Pai e filho são presos um ano após morte de cobradores de dívida no PR.
Segundo a investigação, quatro cobradores de dívida foram encontrados mortos após exigir a dívida de R$ 255 mil que o pai e o filho deviam

Pai e filho foram presos nesta terça (18/8) em um sítio na zona rural de Rio das Pedra, em São Paulo, após passarem mais de um ano foragidos, com o nome na lista vermelha do Interpol. Antônio Buscariollo, 67 anos, e Paulo Buscariollo, de 23, são suspeitos de envolvimento na morte de quatro cobradores de dívida no Paraná.
Veja momento da prisão:
Segundo a investigação, Robishley Hirnani de Oliveira, Rafael Juliano Marascalchi, Diego Henrique Afonso e Alencar Gonçalves de Souza foram encontrados mortos em um bunker depois de exigir R$ 255 mil à família Buscariollo, pagamento que estava atrasado.
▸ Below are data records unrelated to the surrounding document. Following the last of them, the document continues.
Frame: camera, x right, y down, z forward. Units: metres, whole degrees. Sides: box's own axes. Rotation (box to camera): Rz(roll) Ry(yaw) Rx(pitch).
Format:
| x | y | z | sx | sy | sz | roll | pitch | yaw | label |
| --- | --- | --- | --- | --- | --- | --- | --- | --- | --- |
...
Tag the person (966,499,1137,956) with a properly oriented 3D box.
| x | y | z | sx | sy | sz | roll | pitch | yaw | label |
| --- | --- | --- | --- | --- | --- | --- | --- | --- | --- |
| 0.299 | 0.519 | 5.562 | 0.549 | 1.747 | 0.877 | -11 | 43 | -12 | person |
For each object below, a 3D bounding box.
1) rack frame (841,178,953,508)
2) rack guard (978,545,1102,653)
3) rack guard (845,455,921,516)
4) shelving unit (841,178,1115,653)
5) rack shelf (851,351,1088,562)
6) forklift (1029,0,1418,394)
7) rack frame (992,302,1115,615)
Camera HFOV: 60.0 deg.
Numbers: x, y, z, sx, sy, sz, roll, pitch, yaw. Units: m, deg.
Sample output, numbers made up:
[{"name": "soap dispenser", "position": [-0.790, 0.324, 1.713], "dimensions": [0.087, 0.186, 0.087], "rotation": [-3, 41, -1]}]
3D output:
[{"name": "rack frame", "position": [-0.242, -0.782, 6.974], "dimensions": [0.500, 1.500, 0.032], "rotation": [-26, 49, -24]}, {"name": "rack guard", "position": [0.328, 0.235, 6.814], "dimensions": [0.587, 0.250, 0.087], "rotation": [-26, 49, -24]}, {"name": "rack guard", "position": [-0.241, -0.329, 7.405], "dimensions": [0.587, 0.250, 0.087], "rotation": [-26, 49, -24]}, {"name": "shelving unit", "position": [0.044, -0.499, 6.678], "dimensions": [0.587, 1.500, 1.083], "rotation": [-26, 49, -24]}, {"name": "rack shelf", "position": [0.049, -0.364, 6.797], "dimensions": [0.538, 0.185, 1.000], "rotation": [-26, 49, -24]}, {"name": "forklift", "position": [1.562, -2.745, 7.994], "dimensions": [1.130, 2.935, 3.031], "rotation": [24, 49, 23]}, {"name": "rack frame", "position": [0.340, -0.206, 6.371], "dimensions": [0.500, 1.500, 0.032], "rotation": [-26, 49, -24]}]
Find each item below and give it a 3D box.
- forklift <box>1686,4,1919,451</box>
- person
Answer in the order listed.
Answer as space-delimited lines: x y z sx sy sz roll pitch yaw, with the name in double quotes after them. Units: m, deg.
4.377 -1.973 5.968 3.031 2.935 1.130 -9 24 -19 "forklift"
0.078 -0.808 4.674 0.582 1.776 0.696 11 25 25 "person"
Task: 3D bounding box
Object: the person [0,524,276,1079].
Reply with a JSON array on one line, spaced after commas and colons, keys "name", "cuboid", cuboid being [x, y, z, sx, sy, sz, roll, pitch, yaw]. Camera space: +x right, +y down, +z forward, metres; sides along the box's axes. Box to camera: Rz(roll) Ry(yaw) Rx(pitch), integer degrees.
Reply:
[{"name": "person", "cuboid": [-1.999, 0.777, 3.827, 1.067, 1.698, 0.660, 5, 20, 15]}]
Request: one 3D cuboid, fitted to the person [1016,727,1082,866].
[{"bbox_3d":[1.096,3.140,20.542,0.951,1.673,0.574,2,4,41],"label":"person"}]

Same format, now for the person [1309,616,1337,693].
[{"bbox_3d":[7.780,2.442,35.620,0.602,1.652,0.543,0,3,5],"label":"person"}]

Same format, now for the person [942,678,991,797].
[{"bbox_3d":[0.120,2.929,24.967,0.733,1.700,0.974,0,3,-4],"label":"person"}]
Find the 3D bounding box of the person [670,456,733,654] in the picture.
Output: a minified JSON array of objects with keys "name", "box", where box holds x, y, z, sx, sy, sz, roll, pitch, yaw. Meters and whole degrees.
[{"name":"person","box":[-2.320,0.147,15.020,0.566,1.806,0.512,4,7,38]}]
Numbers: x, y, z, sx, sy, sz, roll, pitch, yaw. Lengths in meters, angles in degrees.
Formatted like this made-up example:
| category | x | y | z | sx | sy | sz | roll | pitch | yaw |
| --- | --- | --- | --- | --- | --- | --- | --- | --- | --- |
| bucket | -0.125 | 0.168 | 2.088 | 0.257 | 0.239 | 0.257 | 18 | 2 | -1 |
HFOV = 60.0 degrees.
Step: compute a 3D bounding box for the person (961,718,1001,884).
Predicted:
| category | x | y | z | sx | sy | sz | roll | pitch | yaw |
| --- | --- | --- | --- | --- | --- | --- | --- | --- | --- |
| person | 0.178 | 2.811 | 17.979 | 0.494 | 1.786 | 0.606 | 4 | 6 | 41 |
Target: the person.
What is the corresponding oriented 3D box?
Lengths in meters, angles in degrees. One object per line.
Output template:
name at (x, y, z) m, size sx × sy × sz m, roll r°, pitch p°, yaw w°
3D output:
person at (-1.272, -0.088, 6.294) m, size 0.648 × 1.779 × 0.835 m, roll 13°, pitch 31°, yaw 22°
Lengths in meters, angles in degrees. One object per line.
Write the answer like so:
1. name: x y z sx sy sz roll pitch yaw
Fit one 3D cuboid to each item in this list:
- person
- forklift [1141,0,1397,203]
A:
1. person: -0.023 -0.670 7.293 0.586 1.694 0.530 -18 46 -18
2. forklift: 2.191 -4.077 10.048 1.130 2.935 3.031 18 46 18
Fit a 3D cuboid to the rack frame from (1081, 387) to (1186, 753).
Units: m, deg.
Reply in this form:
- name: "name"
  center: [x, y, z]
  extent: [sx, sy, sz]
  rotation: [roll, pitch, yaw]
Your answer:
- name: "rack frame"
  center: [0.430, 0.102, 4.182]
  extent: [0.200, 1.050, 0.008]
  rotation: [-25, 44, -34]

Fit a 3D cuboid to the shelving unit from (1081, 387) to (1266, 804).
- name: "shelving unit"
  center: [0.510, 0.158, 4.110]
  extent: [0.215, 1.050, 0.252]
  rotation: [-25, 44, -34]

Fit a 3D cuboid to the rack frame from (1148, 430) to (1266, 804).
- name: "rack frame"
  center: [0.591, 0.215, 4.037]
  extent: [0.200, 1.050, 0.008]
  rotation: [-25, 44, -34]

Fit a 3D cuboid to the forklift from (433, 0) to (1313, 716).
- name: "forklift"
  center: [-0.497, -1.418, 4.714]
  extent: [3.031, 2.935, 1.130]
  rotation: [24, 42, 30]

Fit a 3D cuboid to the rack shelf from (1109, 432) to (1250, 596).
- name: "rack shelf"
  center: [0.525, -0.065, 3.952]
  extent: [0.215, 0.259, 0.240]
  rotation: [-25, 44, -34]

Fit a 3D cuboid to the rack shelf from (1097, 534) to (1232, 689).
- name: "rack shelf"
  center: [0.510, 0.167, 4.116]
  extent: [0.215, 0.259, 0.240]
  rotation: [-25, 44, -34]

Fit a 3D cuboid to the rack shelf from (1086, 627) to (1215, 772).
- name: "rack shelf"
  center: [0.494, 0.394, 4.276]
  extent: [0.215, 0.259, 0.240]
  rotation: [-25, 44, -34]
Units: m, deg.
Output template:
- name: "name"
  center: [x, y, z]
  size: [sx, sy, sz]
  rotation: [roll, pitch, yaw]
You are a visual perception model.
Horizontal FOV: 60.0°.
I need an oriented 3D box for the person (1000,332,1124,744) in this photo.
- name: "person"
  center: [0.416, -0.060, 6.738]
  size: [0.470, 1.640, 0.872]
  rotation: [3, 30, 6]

Antônio e Ricardo Buscariollo haviam adquirido uma propriedade rural em dez notas promissórias de R$ 25 mil cada com as vítimas. No entanto, nenhuma parcela foi paga.
Entre no canal de WhatsApp do MetrópolesDois suspeitos que colaboraram no crime também foram presos.
Entenda o caso
- Em 4 de agosto de 2025, Robishley, Rafael e Diego viajaram de São José do Rio Preto (SP) a Icaraíma (PR)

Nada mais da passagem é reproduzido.